Cultivating Organizational Learning: Fixing the System: A Case Study
By Nigel Paine
It is not just obviously toxic workplaces that damage organizational learning. Here is a brief example from a Professional Services Company that illustrates my point perfectly. It is about a talented female executive on track to make Partner. She had an outstanding performance review and was encouraged to expect partner status in a couple of years if she maintained her progress and trajectory.
She was asked by her manager at the time if she would help out with some routine projects that could not be properly resourced due to attrition and a restructuring. She agreed to help the team and had a year of routine, unexciting work. When she came up for her annual review, the Partner announced that she would not be putting her forward for a bonus this year as: “she had not completed any exceptional work or brought in exceptional revenues”. Furthermore, she was told that her Partner trajectory had been put back a year and would now depend on performance the following year.

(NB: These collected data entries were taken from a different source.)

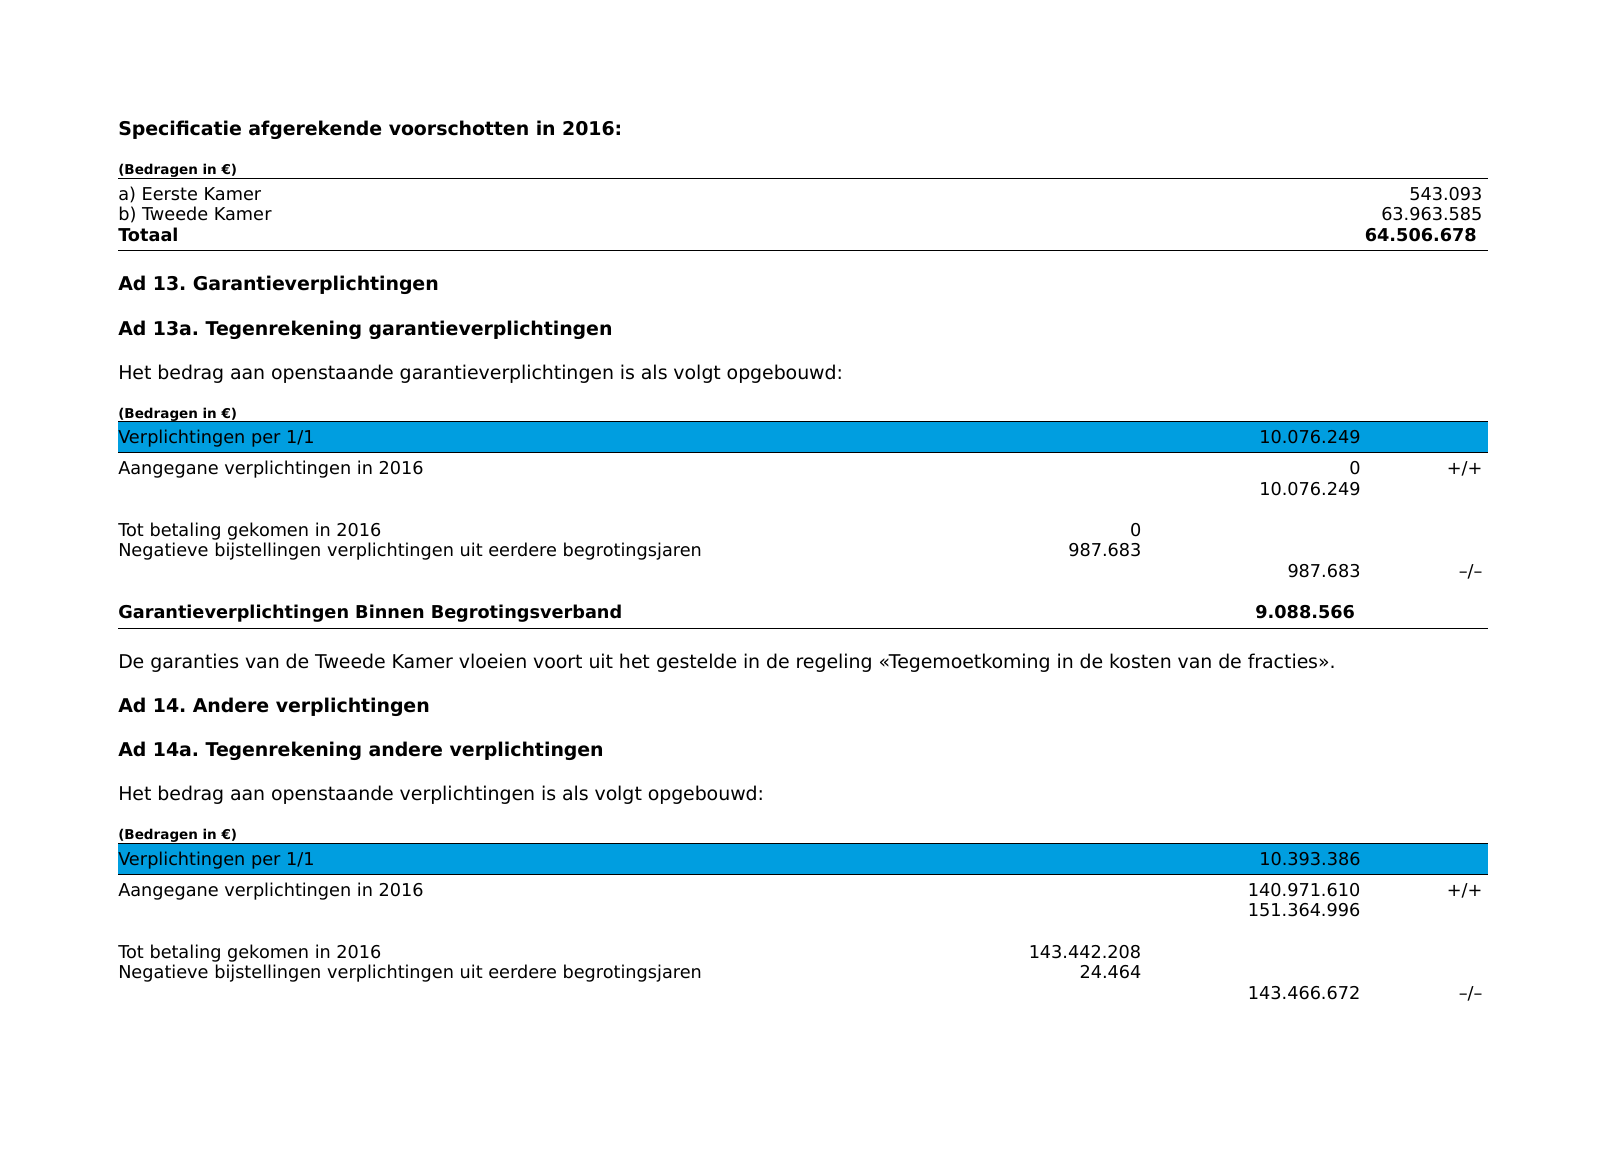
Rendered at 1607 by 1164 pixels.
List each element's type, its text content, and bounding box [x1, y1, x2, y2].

table_cell 9.088.566 [1147, 602, 1366, 628]
table_cell [118, 479, 928, 499]
table_cell [1366, 921, 1488, 942]
table_cell [1366, 422, 1488, 452]
table_cell [1147, 962, 1366, 983]
table_cell [118, 921, 928, 942]
table_cell [1147, 540, 1366, 561]
table_cell Garantieverplichtingen Binnen Begrotingsverband [118, 602, 928, 628]
table_cell 63.963.585 [1269, 204, 1488, 225]
table_cell [1147, 921, 1366, 942]
table_cell Totaal [118, 225, 1269, 250]
table_cell +/+ [1366, 453, 1488, 478]
table_cell [118, 1004, 928, 1024]
table_cell [1147, 520, 1366, 540]
table_cell 987.683 [928, 540, 1147, 561]
table_cell [928, 453, 1147, 478]
subtitle Ad 13a. Tegenrekening garantieverplichtingen [118, 317, 1488, 339]
table_cell 987.683 [1147, 561, 1366, 582]
table_cell [118, 561, 928, 582]
table_cell [928, 983, 1147, 1003]
table_cell 143.466.672 [1147, 983, 1366, 1003]
table_header (Bedragen in €) [118, 827, 1488, 843]
table_cell [1366, 582, 1488, 602]
table_cell Aangegane verplichtingen in 2016 [118, 875, 928, 900]
table_cell 10.393.386 [1147, 844, 1366, 874]
table_cell b) Tweede Kamer [118, 204, 1269, 225]
table_cell 140.971.610 [1147, 875, 1366, 900]
table_cell Tot betaling gekomen in 2016 [118, 942, 928, 962]
table_cell [1366, 540, 1488, 561]
table_cell [1366, 1004, 1488, 1024]
table_cell [1147, 1004, 1366, 1024]
table_cell 0 [1147, 453, 1366, 478]
table_cell 0 [928, 520, 1147, 540]
text Het bedrag aan openstaande verplichtingen is als volgt opgebouwd: [118, 783, 1488, 805]
table_cell [1366, 602, 1488, 628]
table_cell [928, 1004, 1147, 1024]
table_cell 151.364.996 [1147, 900, 1366, 921]
table_cell [118, 582, 928, 602]
table_cell [1366, 499, 1488, 520]
table_cell [1366, 479, 1488, 499]
table_cell –/– [1366, 983, 1488, 1003]
table_cell Aangegane verplichtingen in 2016 [118, 453, 928, 478]
table_cell 10.076.249 [1147, 422, 1366, 452]
table_cell [1366, 520, 1488, 540]
subtitle Ad 13. Garantieverplichtingen [118, 273, 1488, 295]
table_cell [928, 921, 1147, 942]
table_cell [928, 582, 1147, 602]
table_cell [928, 875, 1147, 900]
table_cell [1366, 900, 1488, 921]
table_cell [1366, 962, 1488, 983]
table_cell 143.442.208 [928, 942, 1147, 962]
subtitle Specificatie afgerekende voorschotten in 2016: [118, 118, 1488, 140]
table_cell [1366, 844, 1488, 874]
table_cell Verplichtingen per 1/1 [118, 844, 928, 874]
table_cell [928, 602, 1147, 628]
text De garanties van de Tweede Kamer vloeien voort uit het gestelde in de regeling «Tegemoetkoming in de kosten van de fracties». [118, 651, 1488, 673]
table_cell [1147, 942, 1366, 962]
table_cell [1366, 942, 1488, 962]
table_cell [928, 844, 1147, 874]
table_cell [1147, 582, 1366, 602]
table_cell Negatieve bijstellingen verplichtingen uit eerdere begrotingsjaren [118, 540, 928, 561]
table_cell 10.076.249 [1147, 479, 1366, 499]
table_cell [928, 499, 1147, 520]
table_cell [928, 900, 1147, 921]
table_cell [1147, 499, 1366, 520]
table_cell Negatieve bijstellingen verplichtingen uit eerdere begrotingsjaren [118, 962, 928, 983]
text Het bedrag aan openstaande garantieverplichtingen is als volgt opgebouwd: [118, 362, 1488, 383]
table_cell Tot betaling gekomen in 2016 [118, 520, 928, 540]
table_cell [928, 479, 1147, 499]
table_cell a) Eerste Kamer [118, 179, 1269, 204]
table_cell Verplichtingen per 1/1 [118, 422, 928, 452]
table_cell +/+ [1366, 875, 1488, 900]
table_cell 543.093 [1269, 179, 1488, 204]
table_cell [118, 983, 928, 1003]
table_header (Bedragen in €) [118, 405, 1488, 421]
table_cell [928, 422, 1147, 452]
table_cell 64.506.678 [1269, 225, 1488, 250]
table_cell [118, 900, 928, 921]
table_cell 24.464 [928, 962, 1147, 983]
subtitle Ad 14a. Tegenrekening andere verplichtingen [118, 739, 1488, 761]
table_cell [928, 561, 1147, 582]
table_cell –/– [1366, 561, 1488, 582]
subtitle Ad 14. Andere verplichtingen [118, 695, 1488, 717]
table_cell [118, 499, 928, 520]
table_header (Bedragen in €) [118, 162, 1488, 178]

The executive pointed out that she had been asked to take on this more routine role for a year to help out the firm and had agreed to sacrifice some more interesting projects to help out the team as she had been asked to do. The Partner replied that, given the portfolio of work, there was no possibility of considering her for a bonus. When asked why no one had told her that helping out would be a career limiting decision, the Partner was brusque: she should have been aware of this and the rules on who would be put forward for bonuses were very clear. In effect, the Partner’s hands were tied.
The result is that a high-flying and really engaged member of staff is considering her options outside the firm and could well leave within the next year. This is an extraordinary turn round. No one could accuse the company of toxic behaviour. Everyone held to the letter of the law. Nothing was outside the rules or broke any company codes. But the insensitivity, and lack of concern for a budding star in the company, will probably mean that she never returns to that high watermark of motivation that she had achieved in previous years.
When you penalise staff who share their expertise; step in and take on assignments for the team rather than purely for their career, you breach any nascent organizational learning links and connections. If the young executive stays, she will probably not put herself out for anyone else or feel that helping her colleagues is anything other than career-limiting.
There are so many ways around this dilemma, but they are very rarely employed. This illustrates just how easy it is to follow a series of logical steps that are fine, in themselves, but add up to something that is clearly the opposite of the intention: and an unintended consequence.
We start with a team crisis that needs a remedy. One obvious way forward is to persuade a member of staff to step out of her current role and take on the team issue and fix it. All well and good, but this process clashes with two other company cultural imperatives. The first is that staff bonuses can only be given for exceptional work that breaks new ground. The second is that any lapses in performance slow down the pathway to partner. There is nothing wrong with any of those outcomes when taken individually. It is only when they are locked inflexibly together that unintended consequences emerge, and the process impacts negatively on the individual’s career. It also is not a good look for the organization either. It appears to encourage cynical and self-serving behaviours.
Changing the unwanted outcome should not focus simply on the individual or seek to attribute blame. Arguing that “it is all the Partner’s fault” misses the point. It is much more productive to keep a watchful eye on these systemic problems and address them because they inevitably lead to preventable poor outcomes. There are several possible ways forward:
Be upfront about the consequences of taking a back-seat for a year. If it will be career limiting, then make that explicit. This, however, is living with a systemic issue and not fully dealing with it. Very few people would be prepared to take that back seat for the team if the consequences are so career limiting. The second and third solutions are more systemic; they will fix the challenge rather than ‘get round’ it.
If someone is prepared to share their expertise for a year, this should be highly commended and rewarded. The executive could have been awarded a ‘mentoring break’ which is recognised internally as exceptional performance and a boost to company unity and success. You could also build this process into the company DNA by agreeing that no one can make Partner unless, and until, they have offered to share their knowledge and volunteered to take a mentoring break.
The sacrifice should be recognised and rewarded at bonus time rather than penalised, and steps could be taken to reposition the individual on an accelerated fast track after the ‘mentoring break’. So rather than being hindered in her quest for partner status, she should have been accelerated along that trajectory for doing good work in building the culture of the company and maintaining its performance.
There will always be times when the needs of the organization come before individual aspiration and performance. It is unlikely that a cultural climate that frowns on generosity and a selfless disposition can thrive in today’s challenging environment. Organizational learning will not simply happen spontaneously. It must be nurtured and set out as a non-negotiable aspiration. That Professional Services Company missed a huge trick, and the sad fact is, that they may never realise that.